Airflow on Kubernetes, Part 2: The Metadata Database and PgBouncer

The metadata database is the one stateful thing Airflow cannot run without, and on Kubernetes it’s the component most likely to fall over under load, not because the queries are heavy, but because of how many connections Airflow opens. This part explains where those connections come from, how to size the SQLAlchemy pool, and why PgBouncer is mandatory rather than optional for any serious Postgres deployment.

Why Airflow hammers Postgres connection counts

PgBouncer earned its place in this stack for one concrete reason: Airflow opens a connection per task, and a busy cluster opens enough of them to take an RDS instance down. Postgres uses a process-per-connection model and every open connection is a separate backend process with its own memory so it’s the number of connections, not the weight of the queries, that saturates the database first.

The Airflow docs say it directly:

“Airflow is known especially in high-performance setup to open many connections to metadata database. This might cause problems for Postgres resource usage, because in Postgres, each connection creates a new process and it makes Postgres resource-hungry when a lot of connections are opened. Therefore we recommend to use PGBouncer as database proxy for all Postgres production installations.” Set up a Database Backend

And the Helm chart’s production guide makes the same point:

“Due to distributed nature of Airflow, it can open a lot of database connections. Using a connection pooler can significantly reduce the number of open connections on the database.” - Helm production guide → PgBouncer

That’s the entire motivation for the pooler: multiplex a large, spiky number of client connections (one per running task, plus every server component) onto a small, fixed set of real Postgres backends. With Celery, every running task talks to the database, so your peak connection count tracks your peak task concurrency. Scale concurrency up and RDS marches toward max_connections and starts refusing connections; the whole instance gets overwhelmed by connection count long before CPU or IO is the bottleneck. PgBouncer is how you decouple the two: collapse ~100 client connections onto ~10 real backends so concurrency stops being a database-killer.

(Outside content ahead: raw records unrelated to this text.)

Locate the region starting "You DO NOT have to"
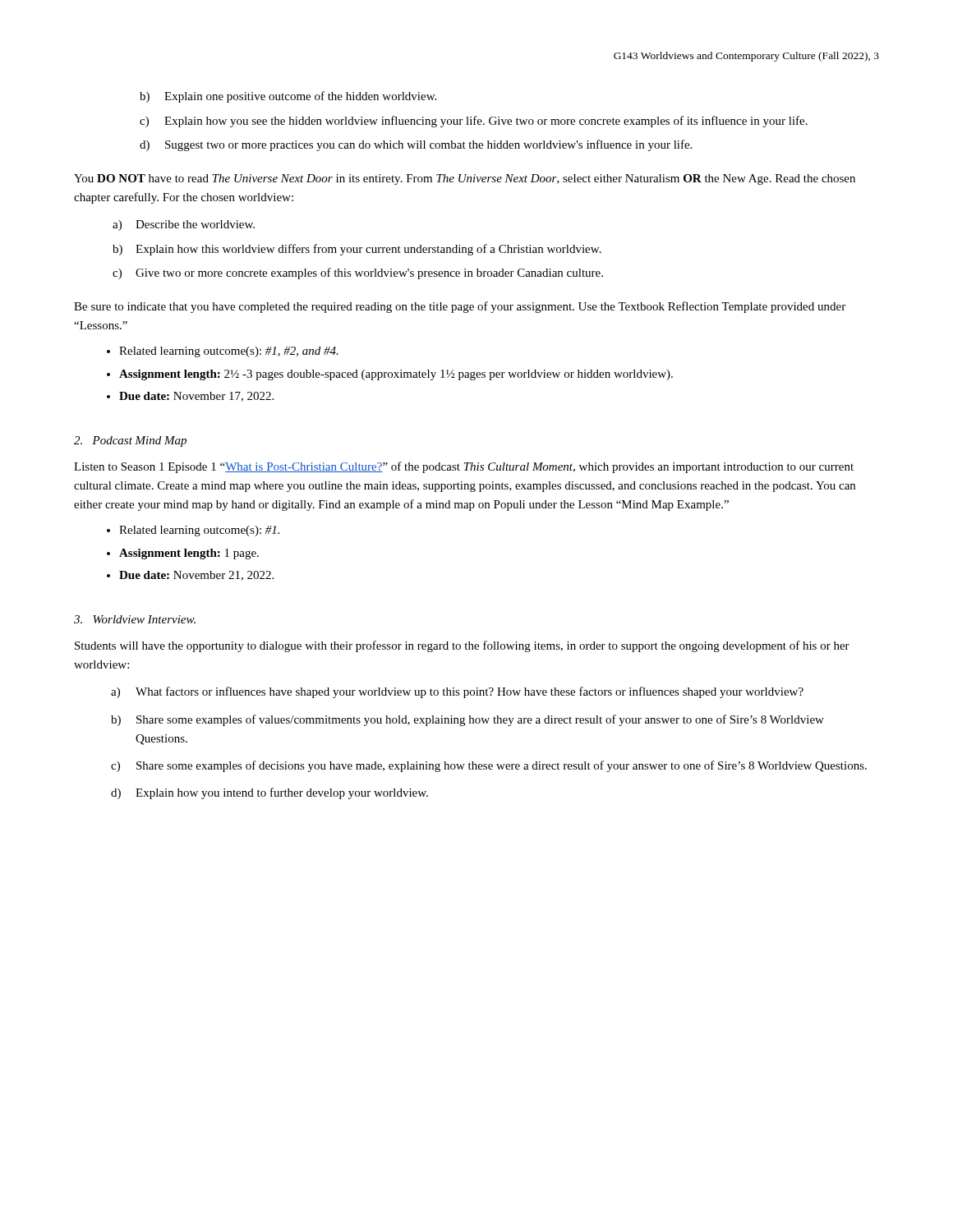 click(465, 187)
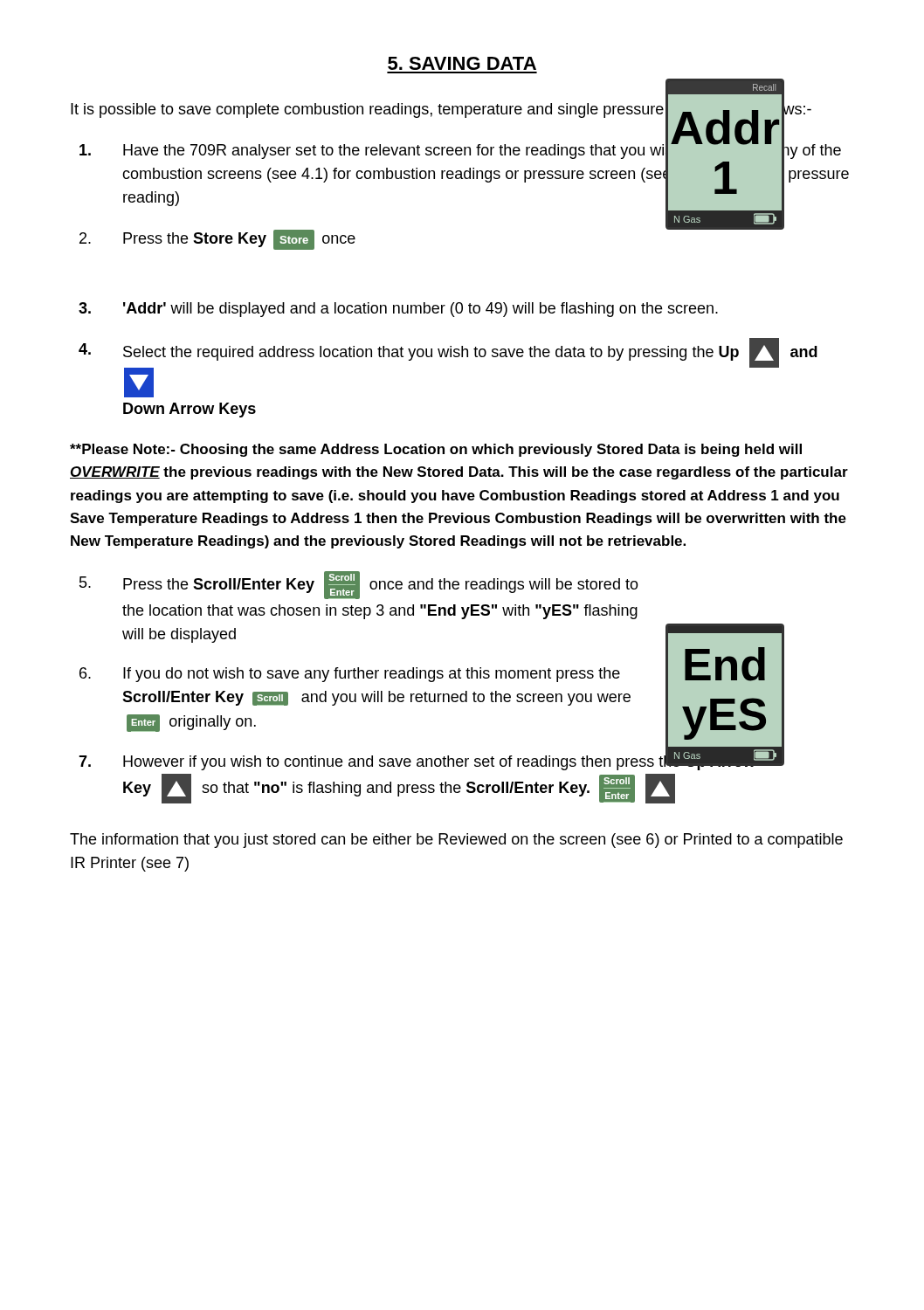Locate the list item that says "2. Press the"
Image resolution: width=924 pixels, height=1310 pixels.
tap(217, 239)
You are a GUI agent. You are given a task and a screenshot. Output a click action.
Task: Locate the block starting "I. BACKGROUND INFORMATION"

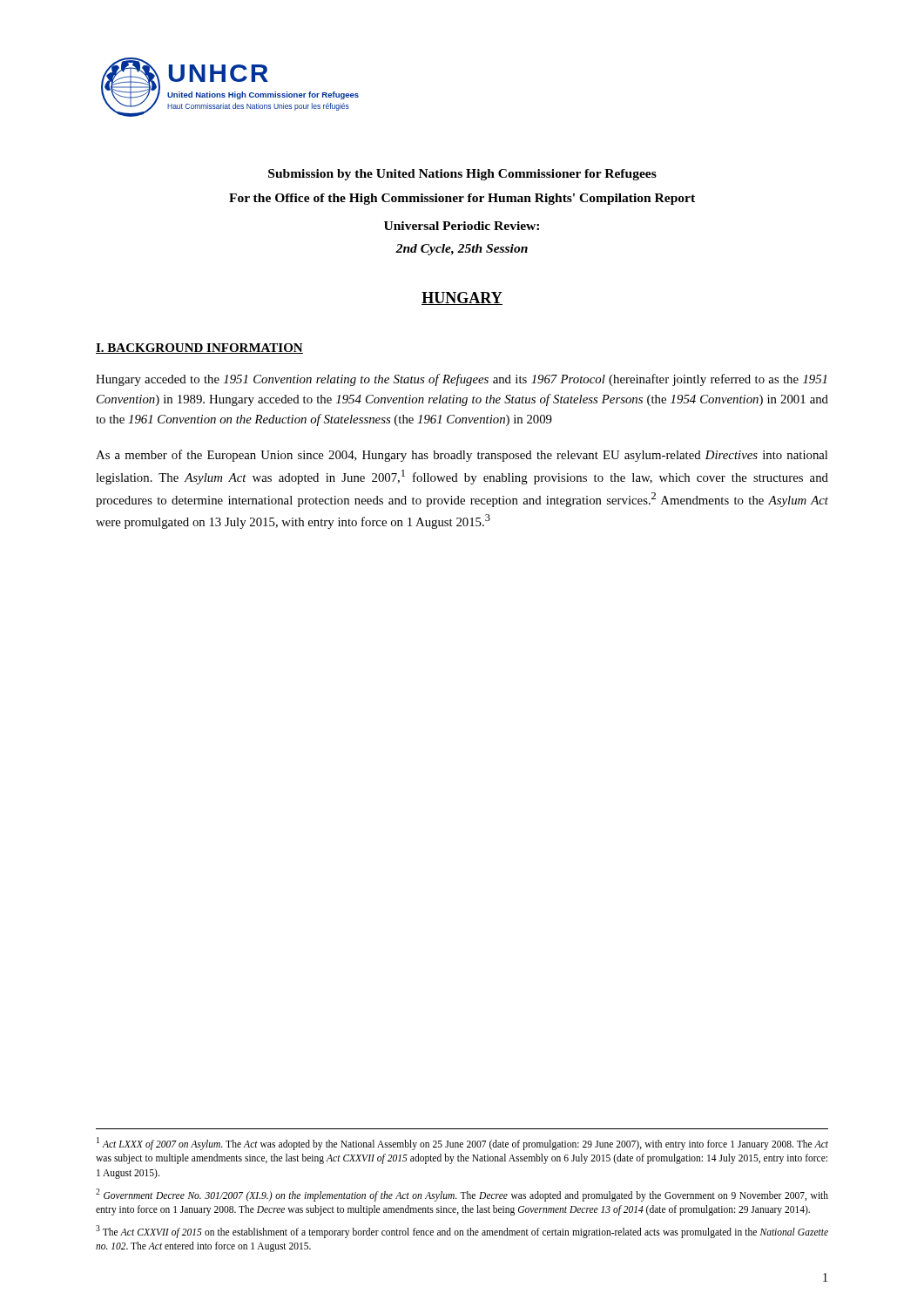tap(199, 348)
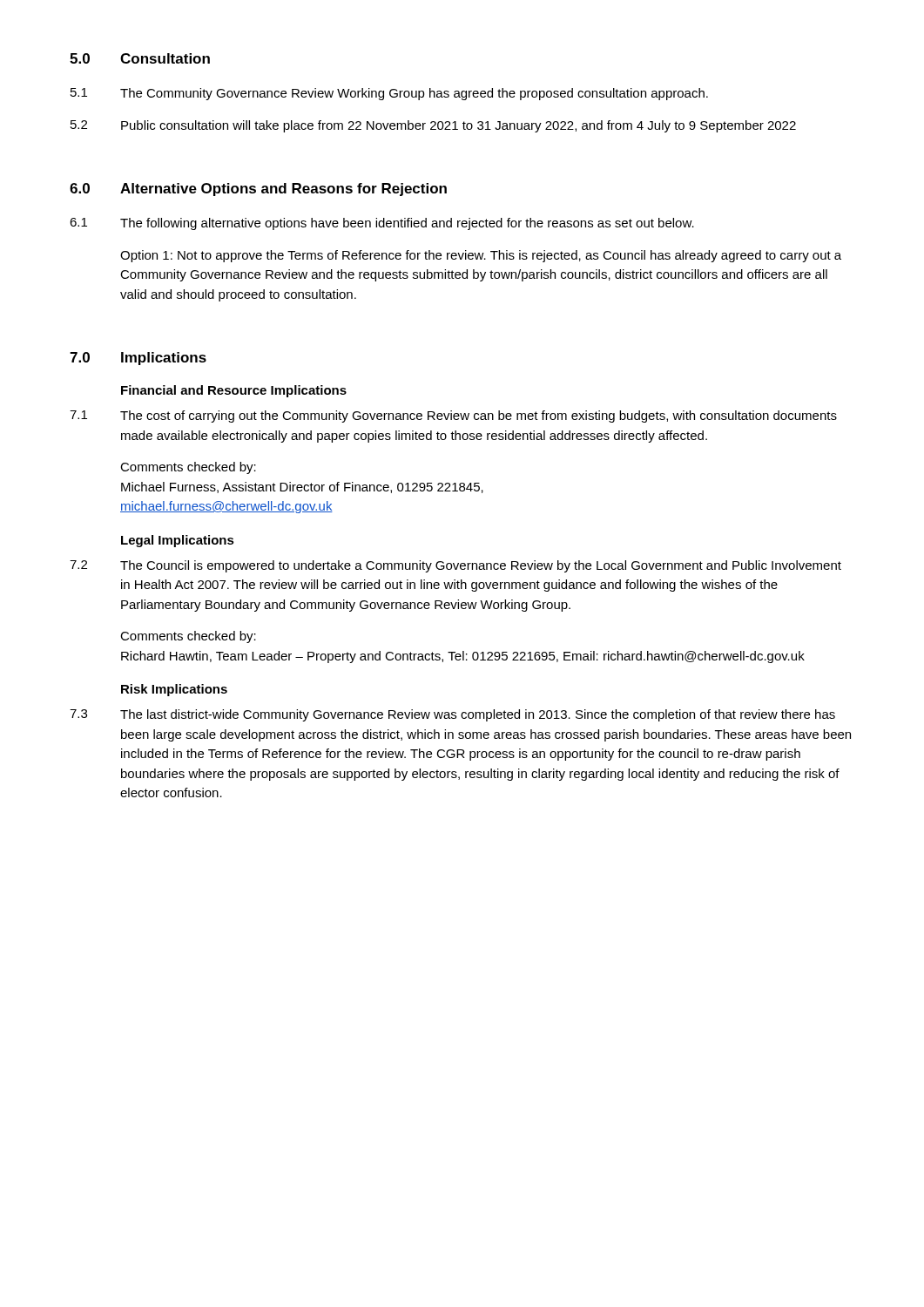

Version note. This per-task connection pressure is most acute on Airflow 2, where workers and tasks open metadata-DB connections directly. Airflow 3 isolates workers behind the Execution API, so task pods no longer open their own metadata connections, but the server components (scheduler, DAG processor, triggerer, API server) still each hold a pool, and the Celery result backend still needs connections, so PgBouncer remains the right call. If you sized PgBouncer on Airflow 2 to survive task concurrency, expect that pressure to drop after upgrading to 3.x.

Two databases, two pools

A Celery-based deployment actually puts two distinct kinds of connection on Postgres, and the chart pools them separately:

The metadata database: task and DAG state, the scheduler’s bookkeeping, connections/variables, and XCom rows. This is sql_alchemy_conn, pooled by pgbouncer.metadataPoolSize (default 10). This is the connection that “manages the tasks.”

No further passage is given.